▽
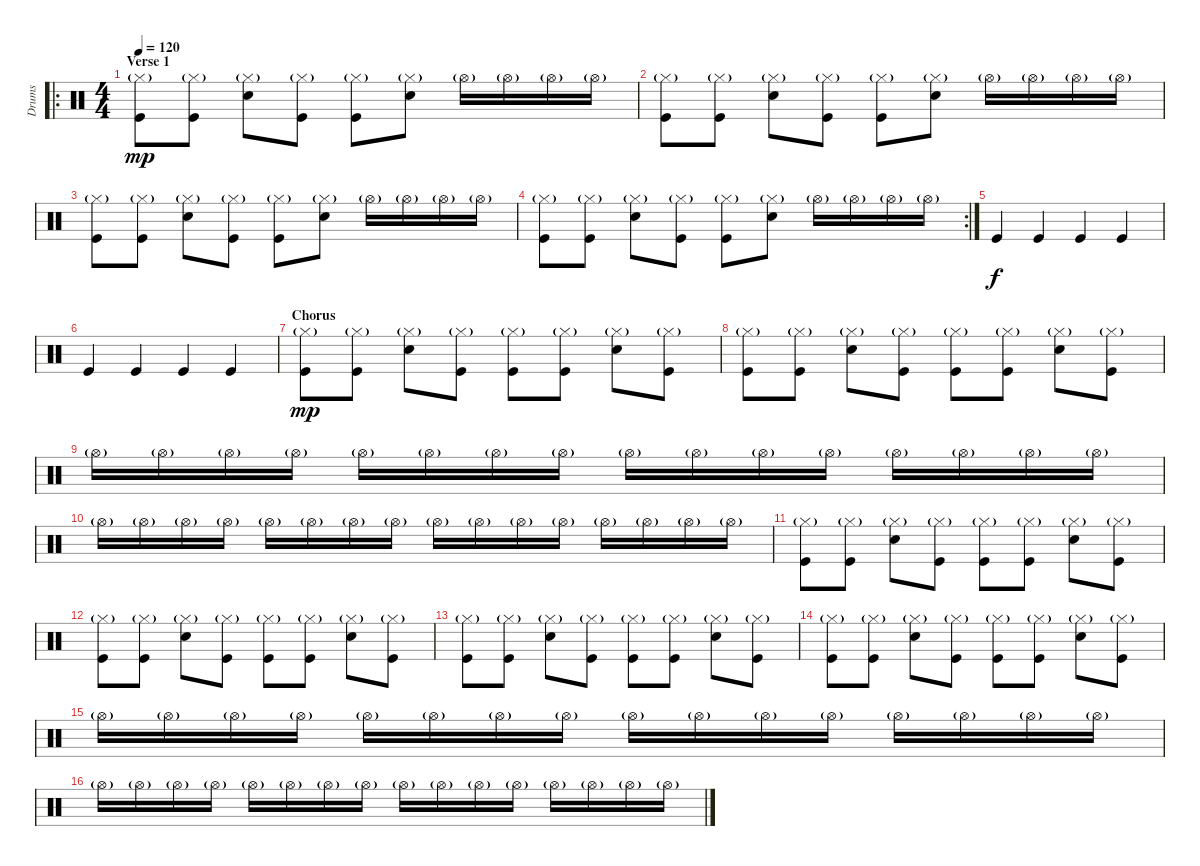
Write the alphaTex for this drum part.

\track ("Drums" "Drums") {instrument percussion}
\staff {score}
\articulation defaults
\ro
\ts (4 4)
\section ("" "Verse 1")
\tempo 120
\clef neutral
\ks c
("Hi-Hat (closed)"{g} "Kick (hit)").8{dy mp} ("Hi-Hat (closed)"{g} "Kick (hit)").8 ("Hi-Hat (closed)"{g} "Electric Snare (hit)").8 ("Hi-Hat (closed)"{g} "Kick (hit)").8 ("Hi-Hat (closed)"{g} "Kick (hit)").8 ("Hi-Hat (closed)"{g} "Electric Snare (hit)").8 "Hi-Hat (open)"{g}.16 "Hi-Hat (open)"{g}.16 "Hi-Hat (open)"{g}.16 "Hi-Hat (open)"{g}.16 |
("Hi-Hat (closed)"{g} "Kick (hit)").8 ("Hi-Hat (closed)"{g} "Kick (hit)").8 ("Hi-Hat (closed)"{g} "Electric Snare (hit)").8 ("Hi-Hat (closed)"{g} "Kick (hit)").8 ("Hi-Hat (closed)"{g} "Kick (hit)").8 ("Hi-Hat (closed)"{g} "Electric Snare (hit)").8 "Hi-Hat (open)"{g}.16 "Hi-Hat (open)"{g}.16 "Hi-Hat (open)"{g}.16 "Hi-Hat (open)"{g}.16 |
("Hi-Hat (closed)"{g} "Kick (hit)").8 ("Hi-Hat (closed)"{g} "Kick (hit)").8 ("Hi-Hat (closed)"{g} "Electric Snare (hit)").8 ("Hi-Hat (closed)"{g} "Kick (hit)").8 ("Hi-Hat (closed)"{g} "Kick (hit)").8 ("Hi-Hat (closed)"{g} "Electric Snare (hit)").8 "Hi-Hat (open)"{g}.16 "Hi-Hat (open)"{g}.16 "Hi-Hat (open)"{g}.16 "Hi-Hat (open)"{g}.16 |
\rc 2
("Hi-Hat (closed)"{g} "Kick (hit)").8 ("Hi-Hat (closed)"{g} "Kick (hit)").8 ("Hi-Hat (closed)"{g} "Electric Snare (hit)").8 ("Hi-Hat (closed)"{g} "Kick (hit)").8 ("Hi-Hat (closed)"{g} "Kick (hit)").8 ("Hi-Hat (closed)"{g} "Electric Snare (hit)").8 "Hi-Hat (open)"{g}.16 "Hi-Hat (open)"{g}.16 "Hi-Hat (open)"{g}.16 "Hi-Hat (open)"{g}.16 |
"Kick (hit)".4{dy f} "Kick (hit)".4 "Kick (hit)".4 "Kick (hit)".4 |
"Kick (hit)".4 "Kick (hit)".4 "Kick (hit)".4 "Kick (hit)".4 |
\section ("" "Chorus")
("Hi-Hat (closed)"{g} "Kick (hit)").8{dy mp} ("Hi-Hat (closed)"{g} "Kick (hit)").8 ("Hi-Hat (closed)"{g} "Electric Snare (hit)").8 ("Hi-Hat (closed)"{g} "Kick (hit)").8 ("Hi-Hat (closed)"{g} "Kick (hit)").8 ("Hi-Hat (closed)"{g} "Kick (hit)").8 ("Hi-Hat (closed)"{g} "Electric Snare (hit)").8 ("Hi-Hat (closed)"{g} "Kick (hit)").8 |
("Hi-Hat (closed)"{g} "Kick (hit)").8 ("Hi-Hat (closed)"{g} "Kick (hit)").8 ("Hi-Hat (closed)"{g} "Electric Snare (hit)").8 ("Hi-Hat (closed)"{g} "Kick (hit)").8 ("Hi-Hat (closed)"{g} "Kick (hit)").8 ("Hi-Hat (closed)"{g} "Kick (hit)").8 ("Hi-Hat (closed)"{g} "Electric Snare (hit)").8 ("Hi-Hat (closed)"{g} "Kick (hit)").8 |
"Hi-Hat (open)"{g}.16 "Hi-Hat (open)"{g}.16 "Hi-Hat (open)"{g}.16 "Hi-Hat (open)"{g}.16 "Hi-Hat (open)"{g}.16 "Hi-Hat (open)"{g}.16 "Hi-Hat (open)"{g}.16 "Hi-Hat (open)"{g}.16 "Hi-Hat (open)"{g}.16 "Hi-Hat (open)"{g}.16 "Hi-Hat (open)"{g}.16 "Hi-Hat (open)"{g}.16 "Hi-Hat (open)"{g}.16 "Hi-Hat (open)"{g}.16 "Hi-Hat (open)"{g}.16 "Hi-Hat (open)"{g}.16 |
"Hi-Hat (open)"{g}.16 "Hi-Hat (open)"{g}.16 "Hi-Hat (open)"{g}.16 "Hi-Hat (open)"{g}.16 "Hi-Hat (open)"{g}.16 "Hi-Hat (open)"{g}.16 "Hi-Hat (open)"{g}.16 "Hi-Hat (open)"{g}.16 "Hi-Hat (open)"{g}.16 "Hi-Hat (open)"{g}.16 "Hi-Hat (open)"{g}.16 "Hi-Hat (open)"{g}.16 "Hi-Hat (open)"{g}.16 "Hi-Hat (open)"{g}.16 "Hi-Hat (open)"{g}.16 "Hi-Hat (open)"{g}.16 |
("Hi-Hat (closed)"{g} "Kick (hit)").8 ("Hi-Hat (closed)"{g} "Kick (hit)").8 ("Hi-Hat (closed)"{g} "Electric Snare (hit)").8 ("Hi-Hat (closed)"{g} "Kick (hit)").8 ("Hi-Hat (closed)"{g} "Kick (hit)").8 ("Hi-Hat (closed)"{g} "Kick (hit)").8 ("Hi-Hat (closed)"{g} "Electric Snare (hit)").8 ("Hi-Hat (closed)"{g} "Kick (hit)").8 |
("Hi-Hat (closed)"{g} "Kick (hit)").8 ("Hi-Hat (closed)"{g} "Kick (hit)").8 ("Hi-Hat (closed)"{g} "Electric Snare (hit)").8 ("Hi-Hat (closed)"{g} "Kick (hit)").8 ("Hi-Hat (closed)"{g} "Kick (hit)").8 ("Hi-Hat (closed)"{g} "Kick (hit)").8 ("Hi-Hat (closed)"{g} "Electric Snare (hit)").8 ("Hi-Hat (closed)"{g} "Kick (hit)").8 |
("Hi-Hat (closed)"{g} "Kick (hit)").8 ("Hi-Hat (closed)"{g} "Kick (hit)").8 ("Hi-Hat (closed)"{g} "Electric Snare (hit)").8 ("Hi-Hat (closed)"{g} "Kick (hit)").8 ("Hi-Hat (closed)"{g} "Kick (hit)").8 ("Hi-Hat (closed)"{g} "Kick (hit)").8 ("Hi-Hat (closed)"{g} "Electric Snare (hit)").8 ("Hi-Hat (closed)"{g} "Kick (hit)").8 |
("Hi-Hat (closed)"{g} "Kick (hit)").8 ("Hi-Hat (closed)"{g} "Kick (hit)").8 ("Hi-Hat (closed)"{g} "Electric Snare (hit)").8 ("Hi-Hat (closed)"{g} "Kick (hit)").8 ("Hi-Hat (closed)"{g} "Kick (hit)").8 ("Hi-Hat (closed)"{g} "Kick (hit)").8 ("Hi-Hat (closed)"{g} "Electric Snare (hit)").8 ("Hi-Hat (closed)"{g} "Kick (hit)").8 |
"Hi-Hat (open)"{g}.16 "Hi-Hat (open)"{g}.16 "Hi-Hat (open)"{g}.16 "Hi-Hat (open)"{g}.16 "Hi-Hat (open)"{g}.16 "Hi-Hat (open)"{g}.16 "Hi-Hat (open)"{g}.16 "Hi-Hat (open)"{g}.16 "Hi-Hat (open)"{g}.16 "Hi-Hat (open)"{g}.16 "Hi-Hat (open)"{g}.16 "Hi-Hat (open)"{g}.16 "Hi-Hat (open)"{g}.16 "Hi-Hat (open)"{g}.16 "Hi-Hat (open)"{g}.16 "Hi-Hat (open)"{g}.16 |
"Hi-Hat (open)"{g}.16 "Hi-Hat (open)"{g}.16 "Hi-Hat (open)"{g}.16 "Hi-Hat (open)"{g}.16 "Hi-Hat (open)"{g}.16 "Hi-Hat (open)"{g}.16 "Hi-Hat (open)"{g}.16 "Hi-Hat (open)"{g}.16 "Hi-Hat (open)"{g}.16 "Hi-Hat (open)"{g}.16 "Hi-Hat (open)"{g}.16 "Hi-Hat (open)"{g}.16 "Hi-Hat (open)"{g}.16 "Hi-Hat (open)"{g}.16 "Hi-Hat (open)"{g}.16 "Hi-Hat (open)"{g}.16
△
▽
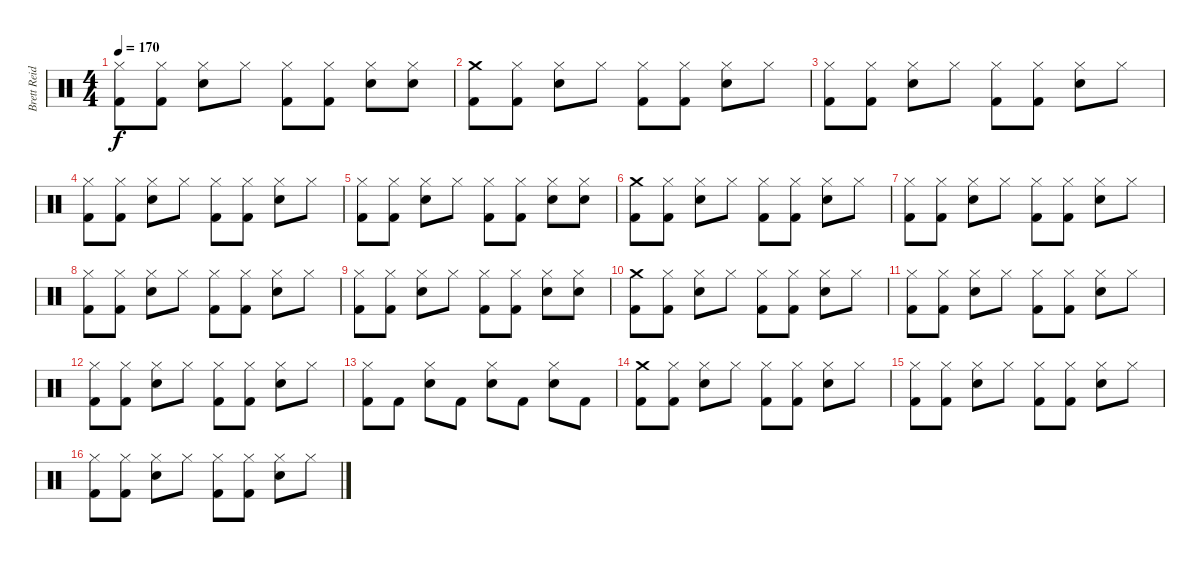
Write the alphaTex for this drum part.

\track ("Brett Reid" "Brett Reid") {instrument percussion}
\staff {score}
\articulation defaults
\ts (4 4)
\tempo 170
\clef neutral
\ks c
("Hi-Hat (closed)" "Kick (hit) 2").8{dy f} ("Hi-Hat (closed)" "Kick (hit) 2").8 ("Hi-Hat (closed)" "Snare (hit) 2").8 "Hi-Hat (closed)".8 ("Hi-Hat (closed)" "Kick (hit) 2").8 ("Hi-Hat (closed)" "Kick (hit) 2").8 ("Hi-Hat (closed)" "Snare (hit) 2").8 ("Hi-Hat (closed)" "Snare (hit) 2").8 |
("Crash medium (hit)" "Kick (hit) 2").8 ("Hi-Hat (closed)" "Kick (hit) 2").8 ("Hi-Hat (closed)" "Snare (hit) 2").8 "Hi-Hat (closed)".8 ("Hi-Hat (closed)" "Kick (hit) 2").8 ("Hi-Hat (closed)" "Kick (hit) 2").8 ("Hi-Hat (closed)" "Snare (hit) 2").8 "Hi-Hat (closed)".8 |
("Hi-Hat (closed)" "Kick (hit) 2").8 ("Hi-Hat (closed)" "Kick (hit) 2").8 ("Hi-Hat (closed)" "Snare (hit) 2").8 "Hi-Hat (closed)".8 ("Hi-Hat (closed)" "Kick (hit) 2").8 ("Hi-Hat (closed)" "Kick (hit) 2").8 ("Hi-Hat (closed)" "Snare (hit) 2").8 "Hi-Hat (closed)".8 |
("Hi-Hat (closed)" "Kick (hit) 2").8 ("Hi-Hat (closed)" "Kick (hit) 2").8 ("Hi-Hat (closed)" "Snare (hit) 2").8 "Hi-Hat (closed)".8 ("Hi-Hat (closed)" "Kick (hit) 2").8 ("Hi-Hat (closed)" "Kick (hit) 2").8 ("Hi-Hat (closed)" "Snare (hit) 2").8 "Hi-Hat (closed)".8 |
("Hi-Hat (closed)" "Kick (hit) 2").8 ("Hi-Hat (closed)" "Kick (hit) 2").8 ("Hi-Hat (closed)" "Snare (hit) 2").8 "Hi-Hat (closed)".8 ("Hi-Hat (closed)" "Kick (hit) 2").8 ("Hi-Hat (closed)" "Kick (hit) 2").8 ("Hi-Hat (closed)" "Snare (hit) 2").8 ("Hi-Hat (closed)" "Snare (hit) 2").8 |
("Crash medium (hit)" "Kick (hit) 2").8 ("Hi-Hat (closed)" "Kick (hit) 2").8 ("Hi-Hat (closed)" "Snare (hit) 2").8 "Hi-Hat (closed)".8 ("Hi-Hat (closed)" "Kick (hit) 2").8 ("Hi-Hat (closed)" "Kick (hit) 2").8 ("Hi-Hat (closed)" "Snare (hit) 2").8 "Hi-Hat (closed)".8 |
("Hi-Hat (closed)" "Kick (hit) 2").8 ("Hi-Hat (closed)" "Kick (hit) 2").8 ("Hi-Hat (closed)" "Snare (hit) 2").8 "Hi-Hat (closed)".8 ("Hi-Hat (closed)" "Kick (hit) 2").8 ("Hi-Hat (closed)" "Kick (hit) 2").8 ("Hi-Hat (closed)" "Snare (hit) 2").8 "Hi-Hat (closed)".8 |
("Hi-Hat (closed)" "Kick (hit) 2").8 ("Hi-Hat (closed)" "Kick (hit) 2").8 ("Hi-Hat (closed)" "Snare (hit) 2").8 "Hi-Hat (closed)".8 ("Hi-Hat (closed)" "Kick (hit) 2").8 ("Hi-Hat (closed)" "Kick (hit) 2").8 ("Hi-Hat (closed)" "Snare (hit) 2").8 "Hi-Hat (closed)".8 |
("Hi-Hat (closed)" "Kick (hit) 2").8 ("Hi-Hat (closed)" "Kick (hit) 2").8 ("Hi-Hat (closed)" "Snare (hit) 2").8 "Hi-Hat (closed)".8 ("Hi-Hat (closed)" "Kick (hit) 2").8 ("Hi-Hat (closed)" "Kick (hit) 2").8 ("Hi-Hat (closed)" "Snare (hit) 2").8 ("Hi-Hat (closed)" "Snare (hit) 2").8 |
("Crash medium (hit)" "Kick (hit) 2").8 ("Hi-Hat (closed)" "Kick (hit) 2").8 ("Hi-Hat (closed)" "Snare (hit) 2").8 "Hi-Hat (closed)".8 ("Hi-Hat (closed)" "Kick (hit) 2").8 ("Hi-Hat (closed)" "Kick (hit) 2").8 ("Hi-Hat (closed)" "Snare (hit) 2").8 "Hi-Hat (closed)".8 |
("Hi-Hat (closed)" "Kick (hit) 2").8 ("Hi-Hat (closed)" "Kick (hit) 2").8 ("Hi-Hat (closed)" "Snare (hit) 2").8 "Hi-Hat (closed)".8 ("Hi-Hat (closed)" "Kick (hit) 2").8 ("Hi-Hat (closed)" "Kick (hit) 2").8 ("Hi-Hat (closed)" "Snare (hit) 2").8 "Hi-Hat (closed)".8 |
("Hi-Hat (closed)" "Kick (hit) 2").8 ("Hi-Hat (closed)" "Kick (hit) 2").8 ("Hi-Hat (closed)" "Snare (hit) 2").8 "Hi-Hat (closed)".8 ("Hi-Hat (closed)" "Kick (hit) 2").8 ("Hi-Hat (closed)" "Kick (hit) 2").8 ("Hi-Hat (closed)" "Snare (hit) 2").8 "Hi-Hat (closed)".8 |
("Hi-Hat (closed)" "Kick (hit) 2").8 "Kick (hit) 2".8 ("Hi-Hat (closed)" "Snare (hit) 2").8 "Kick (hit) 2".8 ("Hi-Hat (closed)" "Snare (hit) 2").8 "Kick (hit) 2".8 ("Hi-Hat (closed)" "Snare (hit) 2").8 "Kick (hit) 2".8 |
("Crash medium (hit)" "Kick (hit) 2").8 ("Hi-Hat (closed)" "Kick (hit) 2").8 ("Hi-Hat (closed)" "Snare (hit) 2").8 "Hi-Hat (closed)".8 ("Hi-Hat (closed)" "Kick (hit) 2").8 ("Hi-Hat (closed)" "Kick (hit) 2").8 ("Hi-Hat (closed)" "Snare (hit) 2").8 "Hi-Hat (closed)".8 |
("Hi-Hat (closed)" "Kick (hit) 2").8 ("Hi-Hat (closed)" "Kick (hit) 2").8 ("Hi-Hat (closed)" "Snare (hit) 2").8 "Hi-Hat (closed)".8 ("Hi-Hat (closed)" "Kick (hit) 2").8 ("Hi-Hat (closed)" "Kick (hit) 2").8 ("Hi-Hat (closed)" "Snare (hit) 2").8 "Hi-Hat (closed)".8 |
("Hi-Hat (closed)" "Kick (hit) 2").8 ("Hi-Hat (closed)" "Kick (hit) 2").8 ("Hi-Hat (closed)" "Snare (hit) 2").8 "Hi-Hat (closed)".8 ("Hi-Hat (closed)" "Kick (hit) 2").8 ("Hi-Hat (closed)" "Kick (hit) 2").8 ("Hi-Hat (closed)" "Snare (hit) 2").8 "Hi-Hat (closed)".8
△
* Task description: Using the data above, copy each line that contains "instrument".

* Expected answer:
\track ("Drums" "Drums") {instrument percussion}
\track ("Brett Reid" "Brett Reid") {instrument percussion}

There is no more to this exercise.